(Excerpts from a dataset)
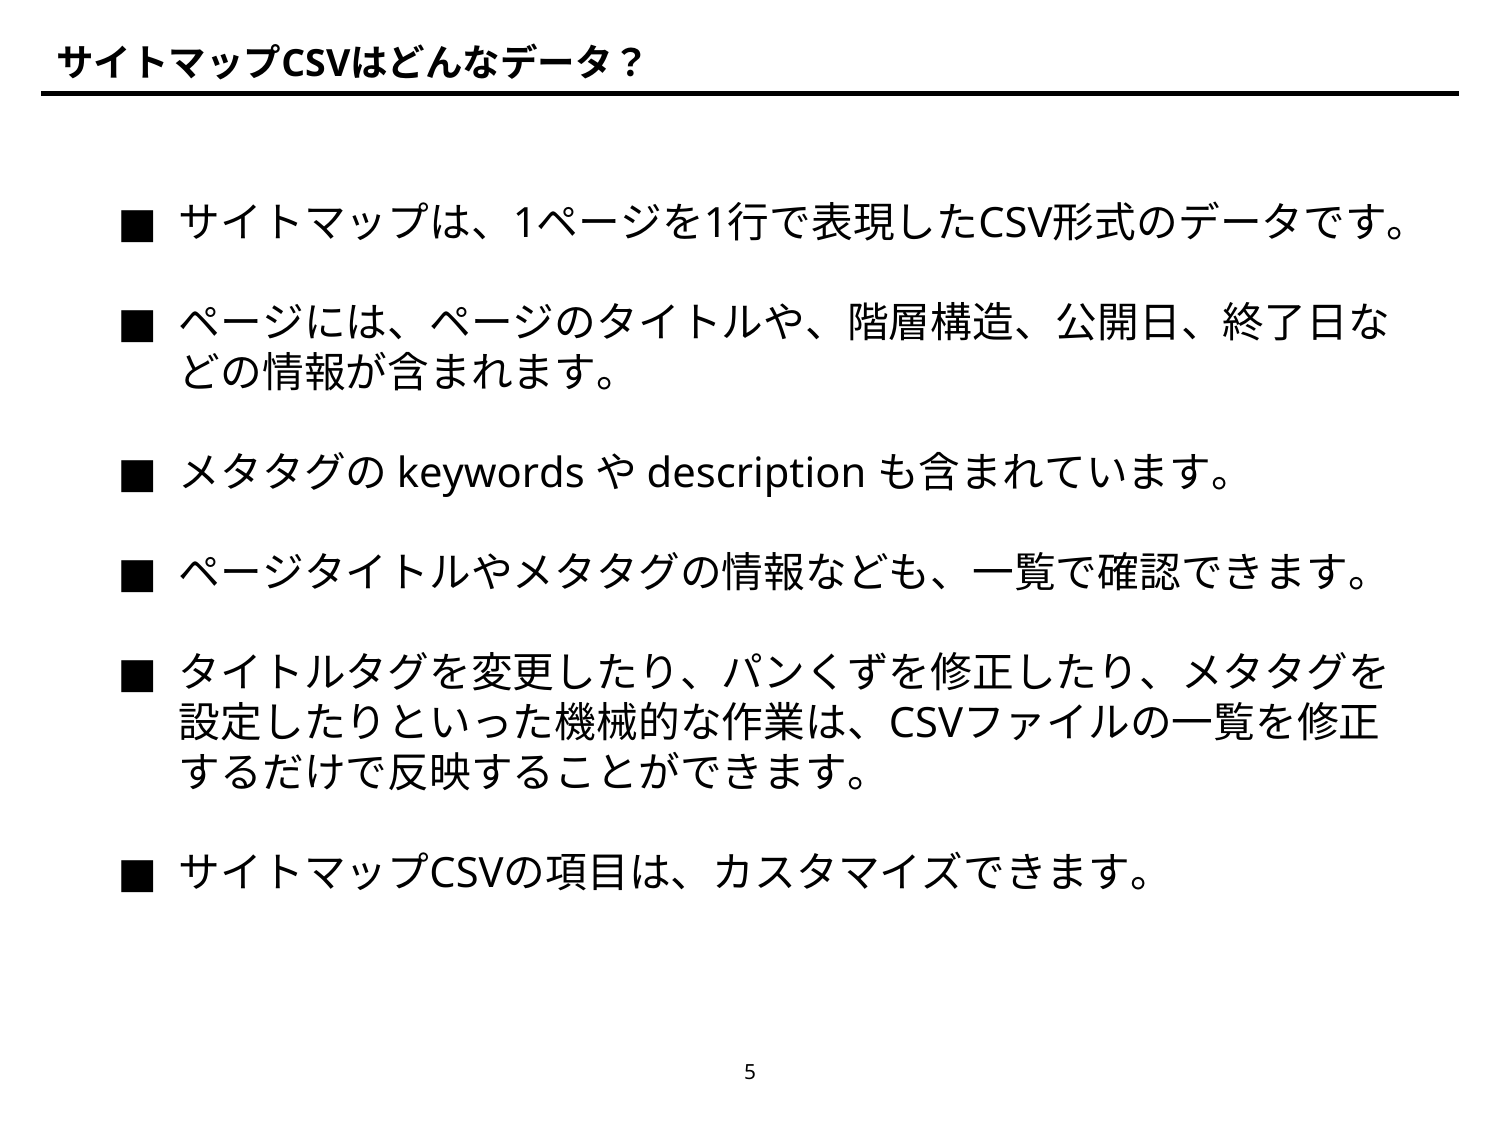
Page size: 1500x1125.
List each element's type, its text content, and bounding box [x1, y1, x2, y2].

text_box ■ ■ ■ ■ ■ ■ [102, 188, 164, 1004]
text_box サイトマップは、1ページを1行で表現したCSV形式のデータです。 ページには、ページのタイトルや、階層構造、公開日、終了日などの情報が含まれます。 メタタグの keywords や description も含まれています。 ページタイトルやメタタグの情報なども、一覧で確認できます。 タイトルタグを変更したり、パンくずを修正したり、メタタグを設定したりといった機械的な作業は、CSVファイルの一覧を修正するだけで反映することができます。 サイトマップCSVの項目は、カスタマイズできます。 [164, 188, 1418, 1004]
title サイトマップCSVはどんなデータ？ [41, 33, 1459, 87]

* _WHAT NEEDS TO BE DONE_: Every entry above, pictures excluded, needs to be duplicated exactly.

* _TASK RESULT_:
Page size: 1500x1125.
List each element's type, its text content, and bounding box [x1, y1, x2, y2].

text_box ■ ■ ■ ■ ■ ■ [102, 188, 164, 1004]
text_box サイトマップは、1ページを1行で表現したCSV形式のデータです。 ページには、ページのタイトルや、階層構造、公開日、終了日などの情報が含まれます。 メタタグの keywords や description も含まれています。 ページタイトルやメタタグの情報なども、一覧で確認できます。 タイトルタグを変更したり、パンくずを修正したり、メタタグを設定したりといった機械的な作業は、CSVファイルの一覧を修正するだけで反映することができます。 サイトマップCSVの項目は、カスタマイズできます。 [164, 188, 1418, 1004]
title サイトマップCSVはどんなデータ？ [41, 33, 1459, 87]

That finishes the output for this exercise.